Abbot Paul • August 23, 2023
Although many Catholics might not consider St Rose of Lima to be an important saint, she holds a very special place in my heart and I have a great love for her and devotion to her. As you know, much of my life has revolved around Peru and I lived there very happily for twenty years, only returning to Belmont in December 2000, when I was elected abbot. In Peru her feast is celebrated on 30th August rather than on 23rd and we know that she died in her 32nd year on 24th August 1617. She was baptised Isabel (Elizabeth), but was such a beautiful baby that everyone called her Rosa and that’s the name she’s known by. Imagine if you were canonised by your nickname! Her soul was as beautiful as her face and from an early age she dedicated herself to God, not as a nun, but as a Dominican tertiary, living in an adobe hut in the garden of her family home, just across a narrow street from the house where St Martin de Porres was born.

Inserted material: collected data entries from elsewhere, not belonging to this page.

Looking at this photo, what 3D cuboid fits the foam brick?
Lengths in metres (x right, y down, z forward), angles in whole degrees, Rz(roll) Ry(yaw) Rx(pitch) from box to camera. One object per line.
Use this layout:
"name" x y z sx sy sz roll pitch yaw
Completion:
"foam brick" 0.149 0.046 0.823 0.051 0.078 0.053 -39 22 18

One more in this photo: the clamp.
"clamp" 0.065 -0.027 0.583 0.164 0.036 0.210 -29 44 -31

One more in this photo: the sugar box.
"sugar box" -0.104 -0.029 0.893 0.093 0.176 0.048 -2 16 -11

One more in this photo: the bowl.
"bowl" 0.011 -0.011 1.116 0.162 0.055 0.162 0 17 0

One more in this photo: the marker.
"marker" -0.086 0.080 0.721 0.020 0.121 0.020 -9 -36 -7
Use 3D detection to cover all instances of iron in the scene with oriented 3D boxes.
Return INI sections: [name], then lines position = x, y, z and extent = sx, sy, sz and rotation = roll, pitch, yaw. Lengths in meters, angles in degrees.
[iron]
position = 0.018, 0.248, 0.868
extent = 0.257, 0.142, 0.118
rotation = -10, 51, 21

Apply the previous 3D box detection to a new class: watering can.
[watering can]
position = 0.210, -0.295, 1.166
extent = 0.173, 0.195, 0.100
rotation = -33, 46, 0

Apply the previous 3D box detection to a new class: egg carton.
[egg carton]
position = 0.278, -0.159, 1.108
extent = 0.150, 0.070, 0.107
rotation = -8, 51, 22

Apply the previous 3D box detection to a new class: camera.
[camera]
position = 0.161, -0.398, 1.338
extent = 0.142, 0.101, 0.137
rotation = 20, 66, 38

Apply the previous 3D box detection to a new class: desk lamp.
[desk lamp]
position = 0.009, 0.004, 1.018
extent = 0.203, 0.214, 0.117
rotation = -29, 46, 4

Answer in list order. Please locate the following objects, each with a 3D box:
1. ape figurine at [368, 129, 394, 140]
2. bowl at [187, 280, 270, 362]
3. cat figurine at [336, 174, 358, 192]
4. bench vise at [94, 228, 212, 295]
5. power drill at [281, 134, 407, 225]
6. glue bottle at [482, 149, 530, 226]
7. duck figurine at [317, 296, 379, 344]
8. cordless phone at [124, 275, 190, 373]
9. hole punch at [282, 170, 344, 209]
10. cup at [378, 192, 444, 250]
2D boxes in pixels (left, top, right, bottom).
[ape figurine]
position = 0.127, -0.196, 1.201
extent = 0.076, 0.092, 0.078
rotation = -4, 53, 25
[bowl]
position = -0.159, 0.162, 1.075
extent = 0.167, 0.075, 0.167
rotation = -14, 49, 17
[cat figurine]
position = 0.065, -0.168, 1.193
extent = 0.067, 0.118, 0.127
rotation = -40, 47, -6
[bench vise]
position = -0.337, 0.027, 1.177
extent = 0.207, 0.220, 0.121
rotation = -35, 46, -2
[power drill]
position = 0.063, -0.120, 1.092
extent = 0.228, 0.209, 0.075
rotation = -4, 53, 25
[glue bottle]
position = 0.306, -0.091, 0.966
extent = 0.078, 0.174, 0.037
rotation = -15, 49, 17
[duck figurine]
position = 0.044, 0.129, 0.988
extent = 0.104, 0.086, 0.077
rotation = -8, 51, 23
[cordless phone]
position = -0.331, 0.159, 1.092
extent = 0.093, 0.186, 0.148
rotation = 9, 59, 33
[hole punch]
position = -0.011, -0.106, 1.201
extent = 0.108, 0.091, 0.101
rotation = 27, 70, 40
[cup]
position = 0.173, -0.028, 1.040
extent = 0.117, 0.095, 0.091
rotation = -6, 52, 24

She dedicated her life to prayer and penance, and to charitable acts of extreme generosity and kindness. She was greatly loved and remains so today. I can’t think of a Peruvian home or office where her portrait doesn’t have pride of place. She, like St Martin, are members of every family and invoked daily in prayer, their lives and miracles read and talked about with enthusiasm and genuine affection.
 
​Interestingly, today’s Gospel from Matthew, (Mt 20: 1-16), ends in exactly the same way as yesterday’s. “Thus, the last will be first, and the first, last.” Here it comes at the end of the parable of the labourers in the vineyard, a parable that also takes me back to Peru, for the scene described by Jesus could be seen every day in the Plaza de Armas of Tambogrande, where I spent my first five years in Peru as parish priest. From 4 o’clock in the morning men would come in from the neighbouring villages, and when work was short, from far more distant villages, hoping for a day’s work and wages in order to feed their families. We had no vineyards, of course, but rice fields and lemon or mango groves. Sadly, there were no landowners who returned at the eleventh hour, as in the parable, to see if there were still labourers available, but there were many days when there was no work and about ten or eleven o’clock the men would return disappointed to their homes. It would be a difficult day of the family. Let’s listen to the parable, in my book one of the best.
 
“The kingdom of heaven is like a landowner going out at daybreak to hire workers for his vineyard. He made an agreement with the workers for one denarius a day, and sent them to his vineyard. Going out at about the third hour he saw others standing idle in the market place and said to them, “You go to my vineyard too and I will give you a fair wage.” So they went. At about the sixth hour and again at about the ninth hour, he went out and did the same. Then at about the eleventh hour he went out and found more men standing round, and he said to them, “Why have you been standing here idle all day?” “Because no one has hired us” they answered. He said to them, “You go into my vineyard too.” In the evening, the owner of the vineyard said to his bailiff, “Call the workers and pay them their wages, starting with the last arrivals and ending with the first.” So those who were hired at about the eleventh hour came forward and received one denarius each. When the first came, they expected to get more, but they too received one denarius each. They took it, but grumbled at the landowner. “The men who came last” they said “have done only one hour, and you have treated them the same as us, though we have done a heavy day’s work in all the heat.” He answered one of them and said, “My friend, I am not being unjust to you; did we not agree on one denarius? Take your earnings and go. I choose to pay the last comer as much as I pay you. Have I no right to do what I like with my own? Why be envious because I am generous?” Thus, the last will be first, and the first, last.”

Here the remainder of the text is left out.